**Given information**
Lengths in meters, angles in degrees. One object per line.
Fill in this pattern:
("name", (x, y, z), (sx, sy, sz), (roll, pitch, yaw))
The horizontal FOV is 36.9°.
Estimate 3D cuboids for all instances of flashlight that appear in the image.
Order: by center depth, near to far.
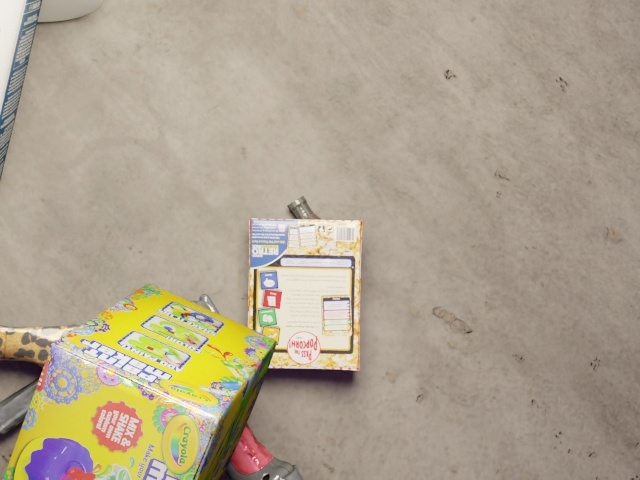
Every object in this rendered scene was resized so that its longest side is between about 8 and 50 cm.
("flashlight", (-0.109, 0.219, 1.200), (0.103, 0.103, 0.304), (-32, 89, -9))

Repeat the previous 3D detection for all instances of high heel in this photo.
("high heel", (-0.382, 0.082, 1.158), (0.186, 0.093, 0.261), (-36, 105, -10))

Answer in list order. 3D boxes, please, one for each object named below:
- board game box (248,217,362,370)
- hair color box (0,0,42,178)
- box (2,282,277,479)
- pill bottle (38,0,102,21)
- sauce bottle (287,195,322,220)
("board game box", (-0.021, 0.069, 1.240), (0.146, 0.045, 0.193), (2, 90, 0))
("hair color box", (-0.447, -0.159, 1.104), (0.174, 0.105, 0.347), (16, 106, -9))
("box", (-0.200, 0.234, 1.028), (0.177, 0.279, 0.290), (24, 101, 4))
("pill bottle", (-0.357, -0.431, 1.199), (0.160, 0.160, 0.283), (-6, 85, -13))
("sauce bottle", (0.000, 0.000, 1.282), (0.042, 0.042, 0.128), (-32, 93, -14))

---

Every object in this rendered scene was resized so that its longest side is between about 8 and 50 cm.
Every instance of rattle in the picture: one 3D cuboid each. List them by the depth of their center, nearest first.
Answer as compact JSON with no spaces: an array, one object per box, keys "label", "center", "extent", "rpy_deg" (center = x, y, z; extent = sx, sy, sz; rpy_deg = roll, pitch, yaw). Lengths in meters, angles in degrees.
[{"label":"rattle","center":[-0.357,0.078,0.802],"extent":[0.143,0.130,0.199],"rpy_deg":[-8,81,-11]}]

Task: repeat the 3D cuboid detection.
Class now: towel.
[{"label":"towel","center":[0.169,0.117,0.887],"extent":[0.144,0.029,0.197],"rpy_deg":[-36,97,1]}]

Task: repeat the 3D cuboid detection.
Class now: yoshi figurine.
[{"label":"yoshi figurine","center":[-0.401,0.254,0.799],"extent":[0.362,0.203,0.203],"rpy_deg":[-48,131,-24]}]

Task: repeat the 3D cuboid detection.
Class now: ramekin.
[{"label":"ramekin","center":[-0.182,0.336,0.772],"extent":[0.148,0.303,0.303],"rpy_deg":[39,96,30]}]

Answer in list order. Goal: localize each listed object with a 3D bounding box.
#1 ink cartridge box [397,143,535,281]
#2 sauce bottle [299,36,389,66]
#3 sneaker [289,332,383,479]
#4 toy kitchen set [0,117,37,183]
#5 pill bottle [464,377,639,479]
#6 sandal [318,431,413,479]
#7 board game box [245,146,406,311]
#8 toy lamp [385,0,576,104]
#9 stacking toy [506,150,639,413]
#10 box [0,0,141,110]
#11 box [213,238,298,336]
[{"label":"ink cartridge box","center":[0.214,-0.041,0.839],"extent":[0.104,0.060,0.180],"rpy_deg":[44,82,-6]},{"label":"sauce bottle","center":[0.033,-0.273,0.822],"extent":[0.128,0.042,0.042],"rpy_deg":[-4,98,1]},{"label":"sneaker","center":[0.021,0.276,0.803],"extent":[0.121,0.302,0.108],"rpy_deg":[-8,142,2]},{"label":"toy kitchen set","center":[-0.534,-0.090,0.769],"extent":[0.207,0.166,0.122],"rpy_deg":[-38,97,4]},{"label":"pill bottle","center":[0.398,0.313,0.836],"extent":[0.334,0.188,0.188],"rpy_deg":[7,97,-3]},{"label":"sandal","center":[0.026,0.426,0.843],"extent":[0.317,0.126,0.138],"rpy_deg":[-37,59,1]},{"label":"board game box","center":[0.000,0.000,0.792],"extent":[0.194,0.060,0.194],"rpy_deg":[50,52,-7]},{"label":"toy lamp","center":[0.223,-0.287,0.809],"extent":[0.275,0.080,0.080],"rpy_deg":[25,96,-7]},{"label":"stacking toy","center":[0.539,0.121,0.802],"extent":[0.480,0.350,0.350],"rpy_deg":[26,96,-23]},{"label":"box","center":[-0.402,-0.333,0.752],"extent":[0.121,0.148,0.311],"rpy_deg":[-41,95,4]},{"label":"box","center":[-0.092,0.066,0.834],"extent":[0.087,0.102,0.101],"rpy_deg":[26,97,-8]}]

---

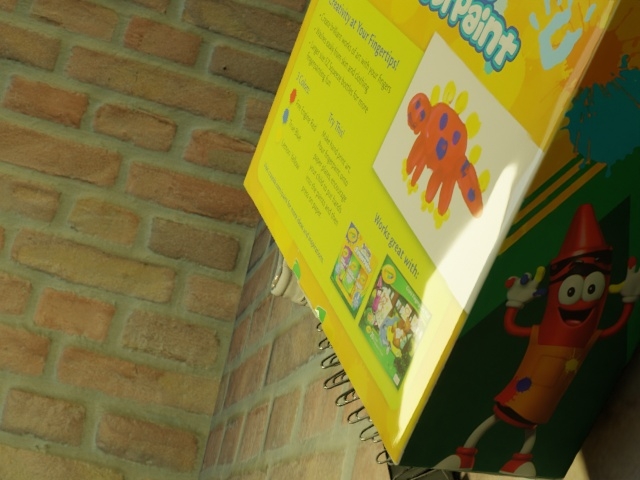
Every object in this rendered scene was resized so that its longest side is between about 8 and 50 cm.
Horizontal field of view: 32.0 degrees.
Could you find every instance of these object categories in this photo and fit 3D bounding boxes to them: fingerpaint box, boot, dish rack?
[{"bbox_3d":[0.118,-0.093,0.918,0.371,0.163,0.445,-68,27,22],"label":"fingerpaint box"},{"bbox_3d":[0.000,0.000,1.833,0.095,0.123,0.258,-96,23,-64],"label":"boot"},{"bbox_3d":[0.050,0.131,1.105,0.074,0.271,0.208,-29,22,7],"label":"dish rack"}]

**Work to be completed**
Everything above from the line containing "Every instance of rattle" through the line containing "#10 box [0,0,141,110]" must be copied exactly. Nothing outside that range belongs in the answer.

**Response to this exercise**
Every instance of rattle in the picture: one 3D cuboid each. List them by the depth of their center, nearest first.
Answer as compact JSON with no spaces: an array, one object per box, keys "label", "center", "extent", "rpy_deg" (center = x, y, z; extent = sx, sy, sz; rpy_deg = roll, pitch, yaw). Lengths in meters, angles in degrees.
[{"label":"rattle","center":[-0.357,0.078,0.802],"extent":[0.143,0.130,0.199],"rpy_deg":[-8,81,-11]}]

Task: repeat the 3D cuboid detection.
Class now: towel.
[{"label":"towel","center":[0.169,0.117,0.887],"extent":[0.144,0.029,0.197],"rpy_deg":[-36,97,1]}]

Task: repeat the 3D cuboid detection.
Class now: yoshi figurine.
[{"label":"yoshi figurine","center":[-0.401,0.254,0.799],"extent":[0.362,0.203,0.203],"rpy_deg":[-48,131,-24]}]

Task: repeat the 3D cuboid detection.
Class now: ramekin.
[{"label":"ramekin","center":[-0.182,0.336,0.772],"extent":[0.148,0.303,0.303],"rpy_deg":[39,96,30]}]

Answer in list order. Goal: localize each listed object with a 3D bounding box.
#1 ink cartridge box [397,143,535,281]
#2 sauce bottle [299,36,389,66]
#3 sneaker [289,332,383,479]
#4 toy kitchen set [0,117,37,183]
#5 pill bottle [464,377,639,479]
#6 sandal [318,431,413,479]
#7 board game box [245,146,406,311]
#8 toy lamp [385,0,576,104]
#9 stacking toy [506,150,639,413]
#10 box [0,0,141,110]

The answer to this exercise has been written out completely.